Also in connection with the envisaged issue of a National Services Card – to facilitate citizens' access to public administrative services – specific importance should be attached to the planned establishment of an integrated network including the census register offices of all Italy's municipalities. As pointed out by the competent Parliamentary Committee further to the report submitted by the Garante, "it will be necessary to ensure that establishment of electronic ID cards and matching of the data among the different entities holding such data will not result into limiting personal privacy with particular regard to sensitive data; the purposes related to availability and use of that information will also have to be taken into account".
As for the electoral card, we have repeatedly urged re-consideration of the whole issue; the paper-based electoral card, as issued a couple of years ago, was firmly criticised by the Garante on grounds that remain fully applicable – i.e. the risk that using the paper-based electoral card might result into disclosing (sensitive) information on the electors' conduct. Recently (December 2002), the Minister for Home Affairs and the Minister for Innovation and Technology declared that it was necessary to switch to a computerised version of the electoral card; it is to be hoped that this subject matter will be dealt with expeditiously also pursuant to the considerations made by our Authority.

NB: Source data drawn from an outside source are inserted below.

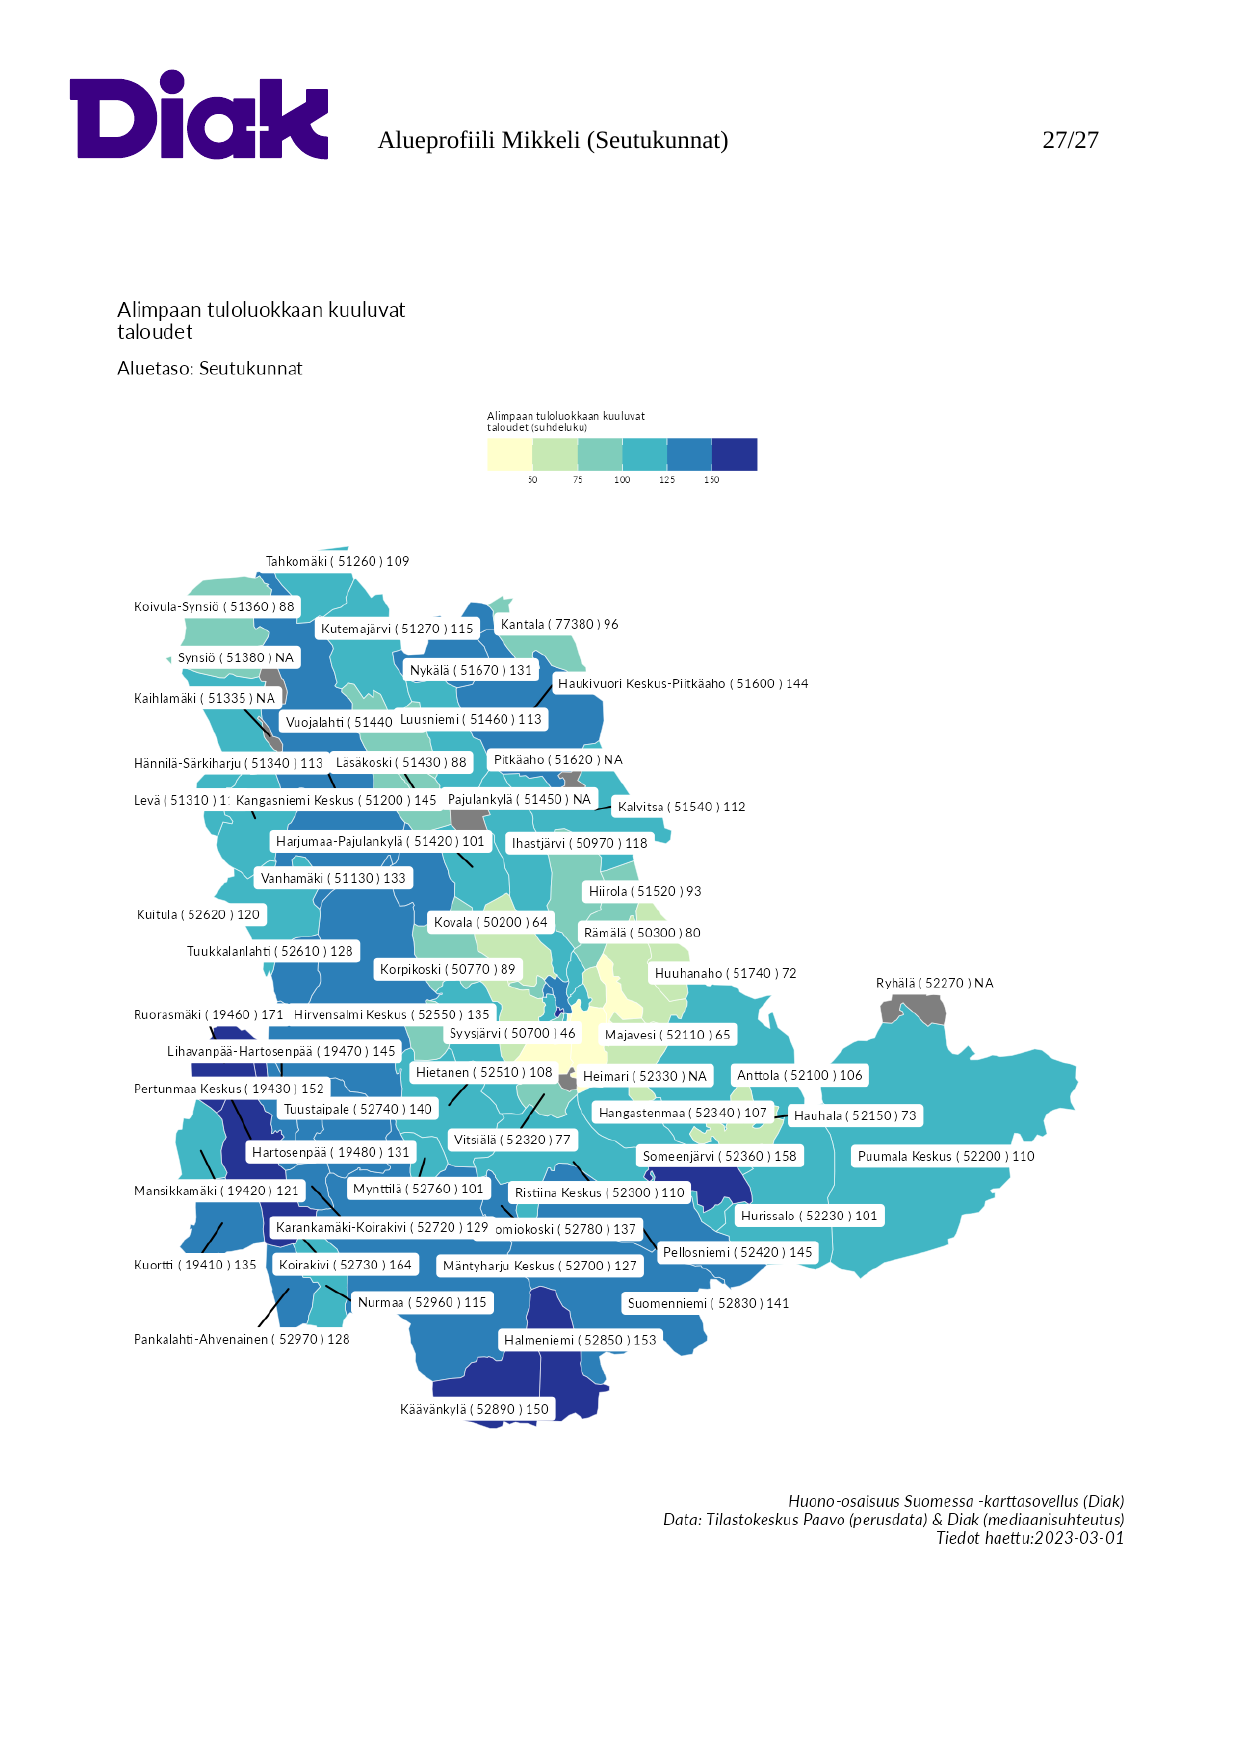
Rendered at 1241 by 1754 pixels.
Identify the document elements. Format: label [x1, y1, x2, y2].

picture [61, 196, 1179, 1651]
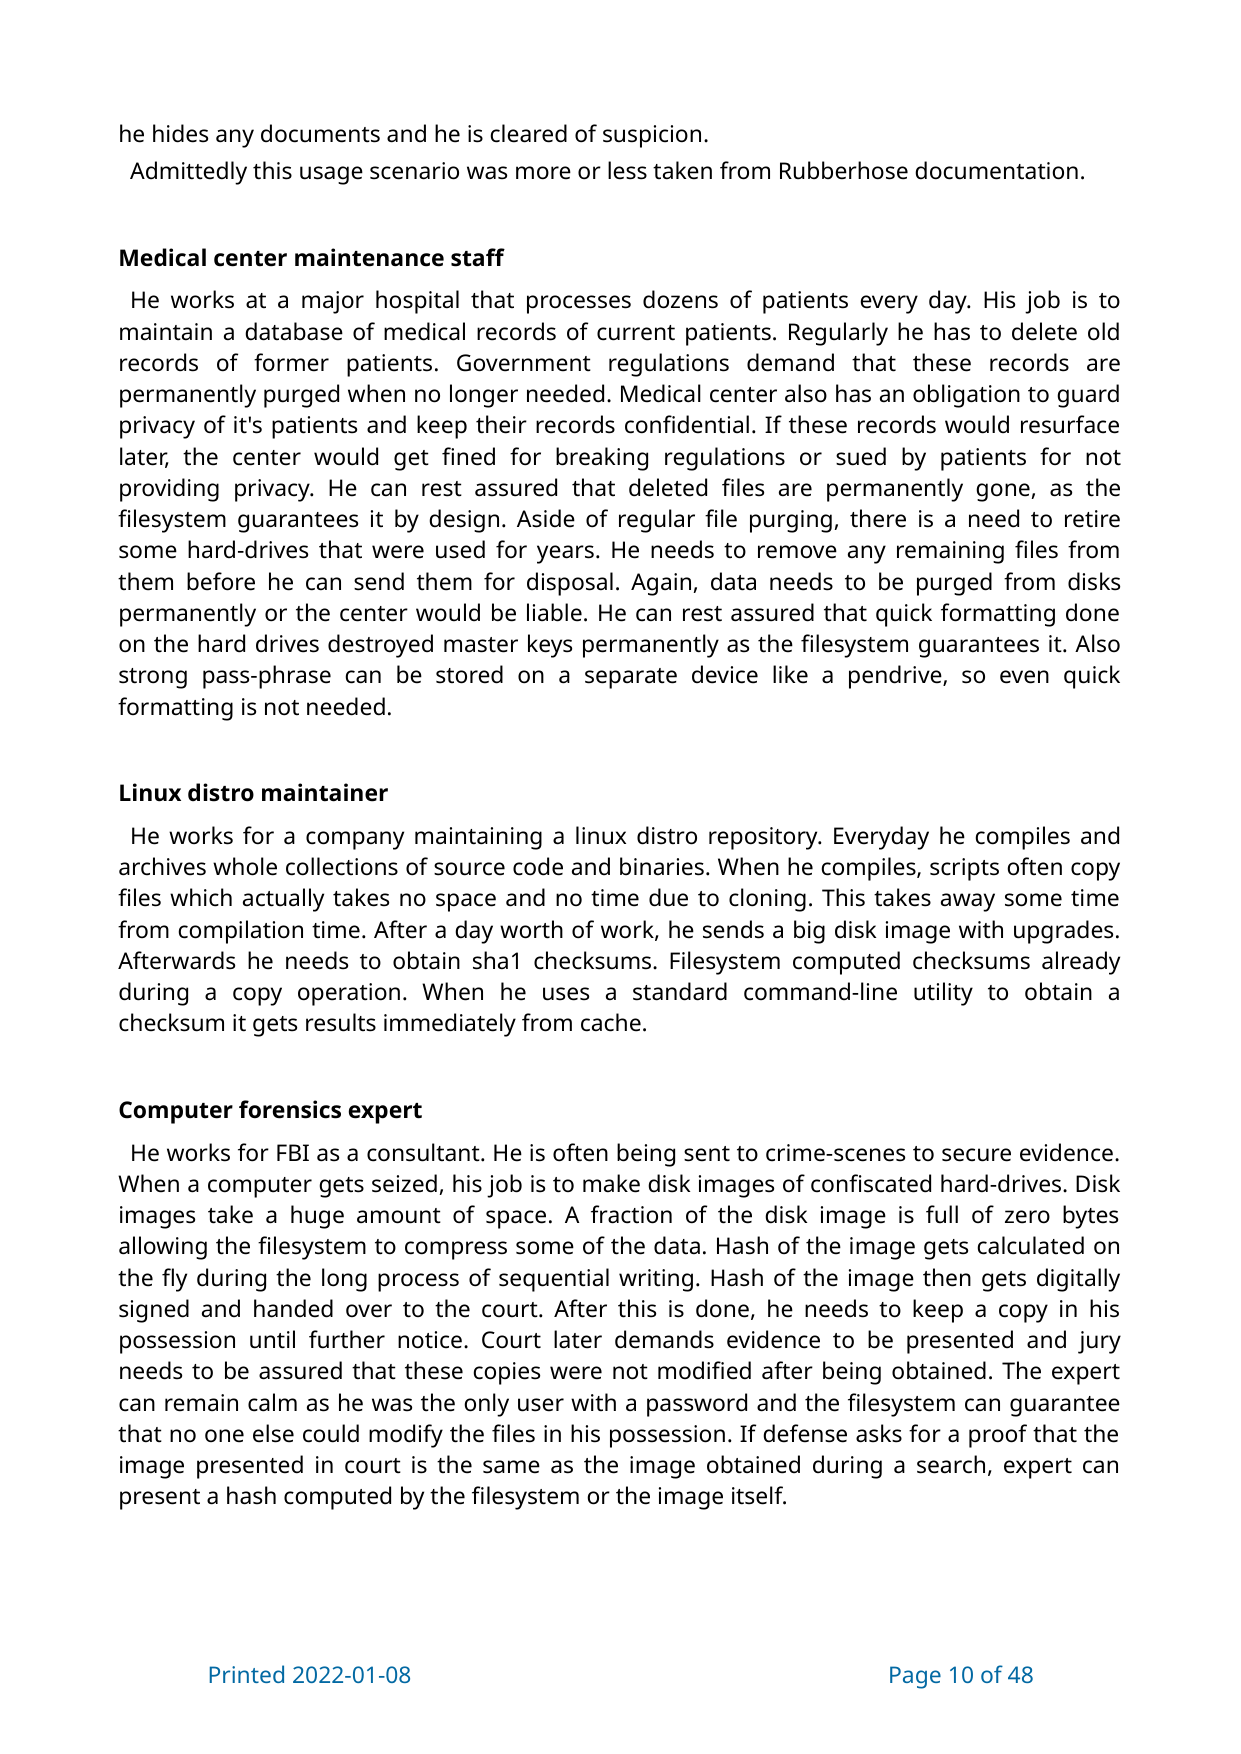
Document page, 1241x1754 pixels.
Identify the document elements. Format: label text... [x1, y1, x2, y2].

text he hides any documents and he is cleared of suspicion. [118, 118, 1122, 149]
text He works for FBI as a consultant. He is often being sent to crime-scenes to secure evidence. When a computer gets seized, his job is to make disk images of confiscated hard-drives. Disk images take a huge amount of space. A fraction of the disk image is full of zero bytes allowing the filesystem to compress some of the data. Hash of the image gets calculated on the fly during the long process of sequential writing. Hash of the image then gets digitally signed and handed over to the court. After this is done, he needs to keep a copy in his possession until further notice. Court later demands evidence to be presented and jury needs to be assured that these copies were not modified after being obtained. The expert can remain calm as he was the only user with a password and the filesystem can guarantee that no one else could modify the files in his possession. If defense asks for a proof that the image presented in court is the same as the image obtained during a search, expert can present a hash computed by the filesystem or the image itself. [118, 1137, 1122, 1512]
text Admittedly this usage scenario was more or less taken from Rubberhose documentation. [118, 155, 1122, 187]
subtitle Computer forensics expert [118, 1093, 1122, 1125]
text He works at a major hospital that processes dozens of patients every day. His job is to maintain a database of medical records of current patients. Regularly he has to delete old records of former patients. Government regulations demand that these records are permanently purged when no longer needed. Medical center also has an obligation to guard privacy of it's patients and keep their records confidential. If these records would resurface later, the center would get fined for breaking regulations or sued by patients for not providing privacy. He can rest assured that deleted files are permanently gone, as the filesystem guarantees it by design. Aside of regular file purging, there is a need to retire some hard-drives that were used for years. He needs to remove any remaining files from them before he can send them for disposal. Again, data needs to be purged from disks permanently or the center would be liable. He can rest assured that quick formatting done on the hard drives destroyed master keys permanently as the filesystem guarantees it. Also strong pass-phrase can be stored on a separate device like a pendrive, so even quick formatting is not needed. [118, 284, 1122, 722]
subtitle Linux distro maintainer [118, 777, 1122, 808]
subtitle Medical center maintenance staff [118, 241, 1122, 273]
text He works for a company maintaining a linux distro repository. Everyday he compiles and archives whole collections of source code and binaries. When he compiles, scripts often copy files which actually takes no space and no time due to cloning. This takes away some time from compilation time. After a day worth of work, he sends a big disk image with upgrades. Afterwards he needs to obtain sha1 checksums. Filesystem computed checksums already during a copy operation. When he uses a standard command-line utility to obtain a checksum it gets results immediately from cache. [118, 820, 1122, 1039]

A provision worth mentioning in this context relates to the possibility for disabled citizens to have a symbol or code added upon request to their electoral cards, to signify their entitlement to being assisted (e.g. by a nurse) in the voting procedure; this amendment to the new Act regulating exercise of voting rights by severely disabled electors (no. 17/2003) was made thanks to the guidance provided by our Authority, which stressed that full disclosure of the relevant medical data in the electoral card failed to comply with the DPA as it was irrelevant and excessive for the specific purpose.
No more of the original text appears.